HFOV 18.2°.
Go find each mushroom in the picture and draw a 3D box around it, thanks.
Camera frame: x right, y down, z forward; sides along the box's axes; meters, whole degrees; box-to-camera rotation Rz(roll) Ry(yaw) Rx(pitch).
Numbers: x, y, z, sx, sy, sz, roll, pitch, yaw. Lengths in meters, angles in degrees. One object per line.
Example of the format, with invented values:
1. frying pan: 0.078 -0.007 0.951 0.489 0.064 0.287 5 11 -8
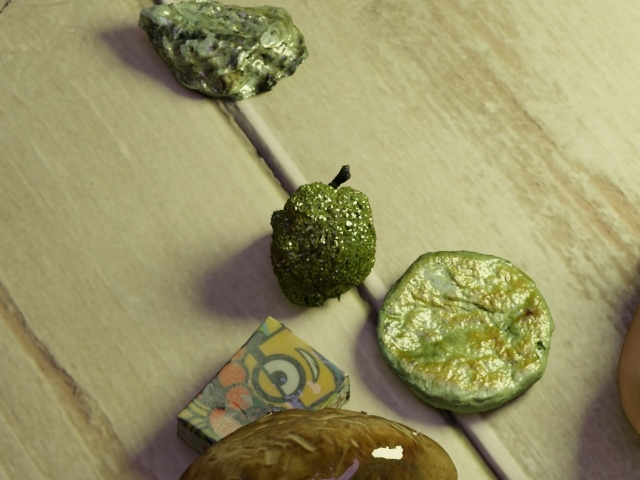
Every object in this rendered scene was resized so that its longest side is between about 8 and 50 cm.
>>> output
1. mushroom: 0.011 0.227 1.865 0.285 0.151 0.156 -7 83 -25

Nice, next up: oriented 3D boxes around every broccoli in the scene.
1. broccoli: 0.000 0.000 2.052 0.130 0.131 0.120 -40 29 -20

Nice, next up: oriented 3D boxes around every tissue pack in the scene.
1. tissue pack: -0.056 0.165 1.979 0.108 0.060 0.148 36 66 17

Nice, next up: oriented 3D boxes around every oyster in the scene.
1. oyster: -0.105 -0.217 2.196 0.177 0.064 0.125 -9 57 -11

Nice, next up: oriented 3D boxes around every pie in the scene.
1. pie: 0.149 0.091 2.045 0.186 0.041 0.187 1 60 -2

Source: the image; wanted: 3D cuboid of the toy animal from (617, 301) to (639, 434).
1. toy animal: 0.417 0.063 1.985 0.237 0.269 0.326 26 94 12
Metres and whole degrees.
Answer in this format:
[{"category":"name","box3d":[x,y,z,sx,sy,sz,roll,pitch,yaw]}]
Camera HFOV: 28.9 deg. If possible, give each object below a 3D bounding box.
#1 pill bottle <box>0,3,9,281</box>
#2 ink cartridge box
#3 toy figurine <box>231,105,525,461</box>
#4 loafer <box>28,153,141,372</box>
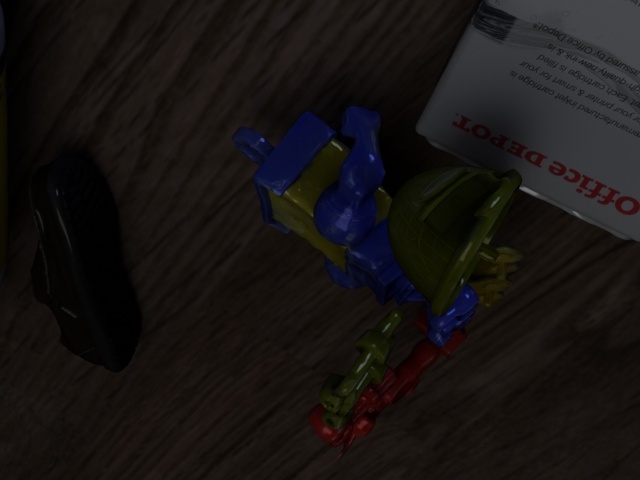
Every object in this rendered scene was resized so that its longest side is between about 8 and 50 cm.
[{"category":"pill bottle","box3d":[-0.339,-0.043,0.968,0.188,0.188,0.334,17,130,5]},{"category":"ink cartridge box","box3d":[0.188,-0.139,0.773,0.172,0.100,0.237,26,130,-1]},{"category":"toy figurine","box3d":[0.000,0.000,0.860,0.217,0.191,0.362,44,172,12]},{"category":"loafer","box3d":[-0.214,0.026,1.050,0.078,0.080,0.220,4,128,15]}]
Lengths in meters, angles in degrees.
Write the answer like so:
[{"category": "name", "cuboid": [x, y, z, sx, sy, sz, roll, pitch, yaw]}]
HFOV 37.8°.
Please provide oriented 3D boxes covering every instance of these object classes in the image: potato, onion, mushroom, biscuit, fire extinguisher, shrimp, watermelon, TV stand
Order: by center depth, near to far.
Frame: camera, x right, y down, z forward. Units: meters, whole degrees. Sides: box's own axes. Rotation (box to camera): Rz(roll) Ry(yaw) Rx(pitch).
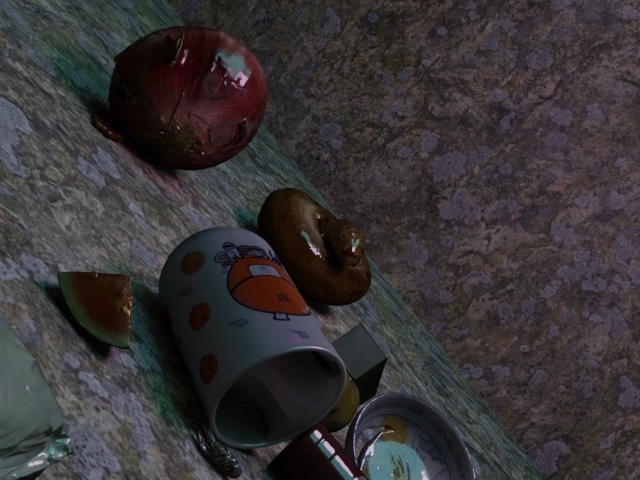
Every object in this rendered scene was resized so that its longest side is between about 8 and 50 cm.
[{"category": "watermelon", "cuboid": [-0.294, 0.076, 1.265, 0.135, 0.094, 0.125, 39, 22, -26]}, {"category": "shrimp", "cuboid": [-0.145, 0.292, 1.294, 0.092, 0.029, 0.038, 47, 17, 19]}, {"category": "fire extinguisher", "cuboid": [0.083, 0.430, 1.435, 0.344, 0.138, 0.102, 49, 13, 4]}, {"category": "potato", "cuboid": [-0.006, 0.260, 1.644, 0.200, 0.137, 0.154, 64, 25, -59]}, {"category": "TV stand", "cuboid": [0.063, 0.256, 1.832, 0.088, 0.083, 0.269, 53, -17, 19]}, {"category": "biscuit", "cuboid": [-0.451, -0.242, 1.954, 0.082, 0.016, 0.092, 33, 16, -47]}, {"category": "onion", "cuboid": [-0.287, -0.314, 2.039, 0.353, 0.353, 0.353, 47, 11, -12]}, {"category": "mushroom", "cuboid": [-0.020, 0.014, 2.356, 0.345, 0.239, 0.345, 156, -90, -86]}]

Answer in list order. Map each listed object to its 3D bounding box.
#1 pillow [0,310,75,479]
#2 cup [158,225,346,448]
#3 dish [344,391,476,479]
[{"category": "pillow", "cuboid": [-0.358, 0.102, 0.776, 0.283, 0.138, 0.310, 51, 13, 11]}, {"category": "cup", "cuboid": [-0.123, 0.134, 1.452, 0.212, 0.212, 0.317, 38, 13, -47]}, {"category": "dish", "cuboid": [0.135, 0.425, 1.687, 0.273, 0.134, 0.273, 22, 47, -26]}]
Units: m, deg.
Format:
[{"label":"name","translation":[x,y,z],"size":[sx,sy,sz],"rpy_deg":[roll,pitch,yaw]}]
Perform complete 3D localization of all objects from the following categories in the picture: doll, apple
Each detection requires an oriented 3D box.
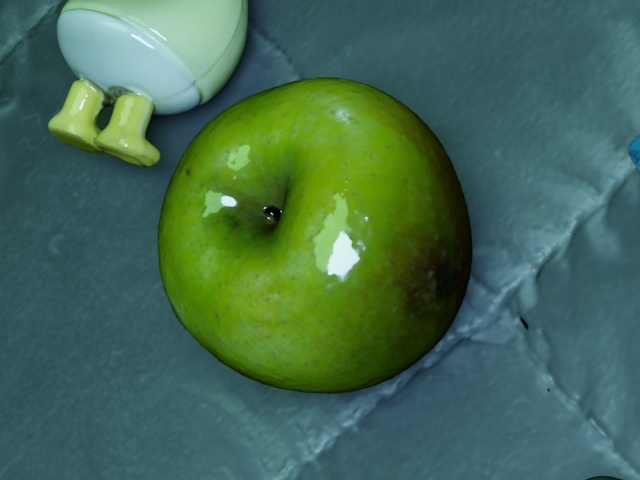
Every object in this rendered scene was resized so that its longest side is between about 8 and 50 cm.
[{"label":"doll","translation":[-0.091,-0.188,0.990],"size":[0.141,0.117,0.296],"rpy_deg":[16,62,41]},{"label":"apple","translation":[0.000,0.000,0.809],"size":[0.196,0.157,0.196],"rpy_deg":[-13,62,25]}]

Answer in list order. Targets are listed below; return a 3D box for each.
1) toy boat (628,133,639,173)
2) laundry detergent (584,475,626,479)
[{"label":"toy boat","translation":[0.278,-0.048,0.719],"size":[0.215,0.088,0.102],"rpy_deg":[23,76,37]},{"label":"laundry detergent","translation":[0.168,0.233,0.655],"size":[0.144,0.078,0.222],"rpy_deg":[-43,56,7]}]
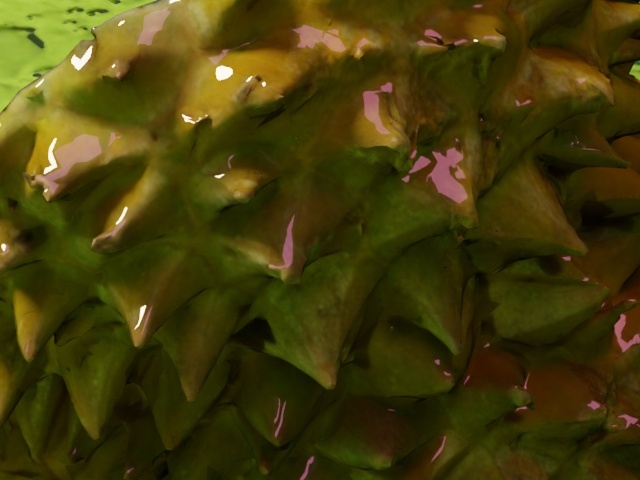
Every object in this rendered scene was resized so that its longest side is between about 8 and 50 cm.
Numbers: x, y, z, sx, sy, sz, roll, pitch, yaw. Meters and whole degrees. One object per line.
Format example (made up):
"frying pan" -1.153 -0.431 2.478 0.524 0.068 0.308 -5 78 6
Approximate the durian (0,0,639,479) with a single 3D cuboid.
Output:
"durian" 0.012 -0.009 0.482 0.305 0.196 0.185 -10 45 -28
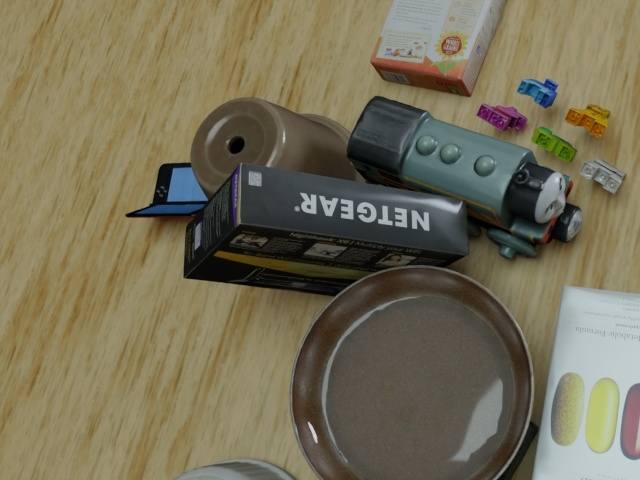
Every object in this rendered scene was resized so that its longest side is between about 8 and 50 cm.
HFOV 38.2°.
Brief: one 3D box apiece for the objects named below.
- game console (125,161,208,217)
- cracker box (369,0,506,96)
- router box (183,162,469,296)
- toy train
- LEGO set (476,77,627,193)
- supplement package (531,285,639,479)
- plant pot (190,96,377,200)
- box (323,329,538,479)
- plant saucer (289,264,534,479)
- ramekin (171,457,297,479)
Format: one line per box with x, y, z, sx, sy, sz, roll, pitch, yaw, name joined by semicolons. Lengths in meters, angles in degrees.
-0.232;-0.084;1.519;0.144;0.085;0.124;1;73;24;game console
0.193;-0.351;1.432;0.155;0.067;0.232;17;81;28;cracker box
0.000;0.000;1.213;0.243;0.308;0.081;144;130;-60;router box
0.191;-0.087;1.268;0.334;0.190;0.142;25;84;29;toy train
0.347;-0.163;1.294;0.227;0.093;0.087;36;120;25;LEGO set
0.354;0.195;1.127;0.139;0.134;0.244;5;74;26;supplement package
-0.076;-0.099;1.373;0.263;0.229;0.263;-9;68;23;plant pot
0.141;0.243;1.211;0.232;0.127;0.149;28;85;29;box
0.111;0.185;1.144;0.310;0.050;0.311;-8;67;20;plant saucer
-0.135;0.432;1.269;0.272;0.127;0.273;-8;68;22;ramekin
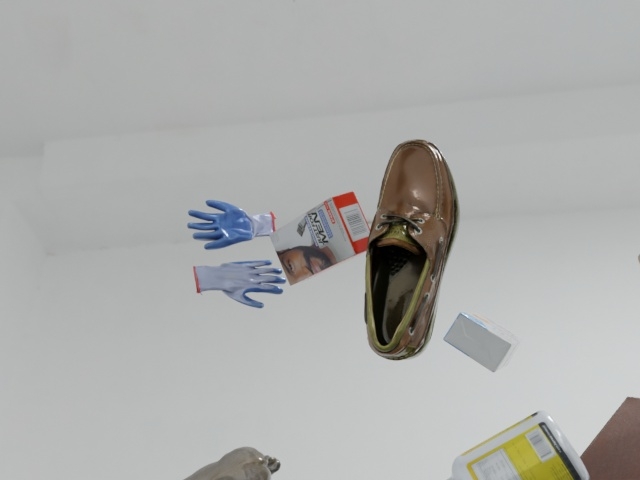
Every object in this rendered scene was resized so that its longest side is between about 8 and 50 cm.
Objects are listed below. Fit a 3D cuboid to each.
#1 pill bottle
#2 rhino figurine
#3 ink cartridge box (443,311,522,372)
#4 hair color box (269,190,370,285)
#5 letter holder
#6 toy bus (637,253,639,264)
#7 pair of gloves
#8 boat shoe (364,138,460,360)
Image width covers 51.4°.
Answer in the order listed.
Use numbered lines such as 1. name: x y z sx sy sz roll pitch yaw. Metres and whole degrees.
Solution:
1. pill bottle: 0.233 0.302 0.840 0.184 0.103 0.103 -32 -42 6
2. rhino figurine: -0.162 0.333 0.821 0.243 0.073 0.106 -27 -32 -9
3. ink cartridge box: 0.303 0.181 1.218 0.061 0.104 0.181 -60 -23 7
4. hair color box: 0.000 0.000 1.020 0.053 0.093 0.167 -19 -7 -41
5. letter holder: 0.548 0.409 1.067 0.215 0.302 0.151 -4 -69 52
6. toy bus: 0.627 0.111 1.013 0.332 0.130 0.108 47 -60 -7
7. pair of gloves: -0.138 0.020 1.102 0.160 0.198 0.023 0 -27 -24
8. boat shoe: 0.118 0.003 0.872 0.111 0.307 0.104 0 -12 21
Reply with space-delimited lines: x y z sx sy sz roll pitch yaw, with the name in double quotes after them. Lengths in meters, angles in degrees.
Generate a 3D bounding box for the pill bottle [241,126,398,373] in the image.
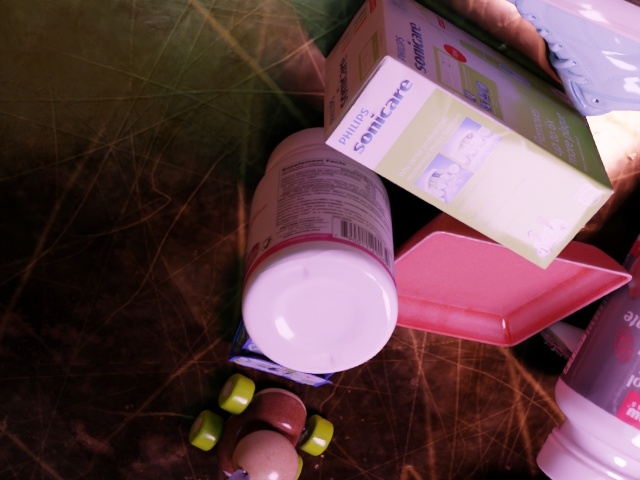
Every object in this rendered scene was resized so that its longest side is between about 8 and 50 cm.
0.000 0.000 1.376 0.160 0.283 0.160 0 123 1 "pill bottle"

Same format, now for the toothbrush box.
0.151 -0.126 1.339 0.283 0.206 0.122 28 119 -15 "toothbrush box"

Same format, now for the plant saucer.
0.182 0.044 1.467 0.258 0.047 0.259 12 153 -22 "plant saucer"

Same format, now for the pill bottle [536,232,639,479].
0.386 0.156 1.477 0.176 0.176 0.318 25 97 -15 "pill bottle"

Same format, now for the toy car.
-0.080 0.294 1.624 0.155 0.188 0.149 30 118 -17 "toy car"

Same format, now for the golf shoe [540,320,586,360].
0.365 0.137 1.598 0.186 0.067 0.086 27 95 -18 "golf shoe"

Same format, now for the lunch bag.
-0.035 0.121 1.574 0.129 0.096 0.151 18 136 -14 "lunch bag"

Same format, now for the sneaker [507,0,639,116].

Exercise brief. Keep to the lines above from the line with "#3 dish [344,391,476,479]" to the line with "- supplement package (531,285,639,479)", and set down exactly those, inclusive, with nothing else and every picture left out.

Completed task.
#3 dish [344,391,476,479]
[{"category": "pillow", "cuboid": [-0.358, 0.102, 0.776, 0.283, 0.138, 0.310, 51, 13, 11]}, {"category": "cup", "cuboid": [-0.123, 0.134, 1.452, 0.212, 0.212, 0.317, 38, 13, -47]}, {"category": "dish", "cuboid": [0.135, 0.425, 1.687, 0.273, 0.134, 0.273, 22, 47, -26]}]
Units: m, deg.
Format:
[{"label":"name","translation":[x,y,z],"size":[sx,sy,sz],"rpy_deg":[roll,pitch,yaw]}]
Perform complete 3D localization of all objects from the following categories in the picture: doll, apple
Each detection requires an oriented 3D box.
Every object in this rendered scene was resized so that its longest side is between about 8 and 50 cm.
[{"label":"doll","translation":[-0.091,-0.188,0.990],"size":[0.141,0.117,0.296],"rpy_deg":[16,62,41]},{"label":"apple","translation":[0.000,0.000,0.809],"size":[0.196,0.157,0.196],"rpy_deg":[-13,62,25]}]

Answer in list order. Targets are listed below; return a 3D box for each.
1) toy boat (628,133,639,173)
2) laundry detergent (584,475,626,479)
[{"label":"toy boat","translation":[0.278,-0.048,0.719],"size":[0.215,0.088,0.102],"rpy_deg":[23,76,37]},{"label":"laundry detergent","translation":[0.168,0.233,0.655],"size":[0.144,0.078,0.222],"rpy_deg":[-43,56,7]}]
Every object in this rendered scene was resized so that its longest side is between about 8 and 50 cm.
Numbers: x, y, z, sx, sy, sz, roll, pitch, yaw. Meters and whole degrees. One object per line.
Format example (made up):
"frying pan" -1.153 -0.431 2.478 0.524 0.068 0.308 -5 78 6
Approximate the durian (0,0,639,479) with a single 3D cuboid.
Output:
"durian" 0.012 -0.009 0.482 0.305 0.196 0.185 -10 45 -28
Every object in this rendered scene was resized so that its longest side is between about 8 and 50 cm.
HFOV 38.2°.
Brief: one 3D box apiece for the objects named below.
- game console (125,161,208,217)
- cracker box (369,0,506,96)
- router box (183,162,469,296)
- toy train
- LEGO set (476,77,627,193)
- supplement package (531,285,639,479)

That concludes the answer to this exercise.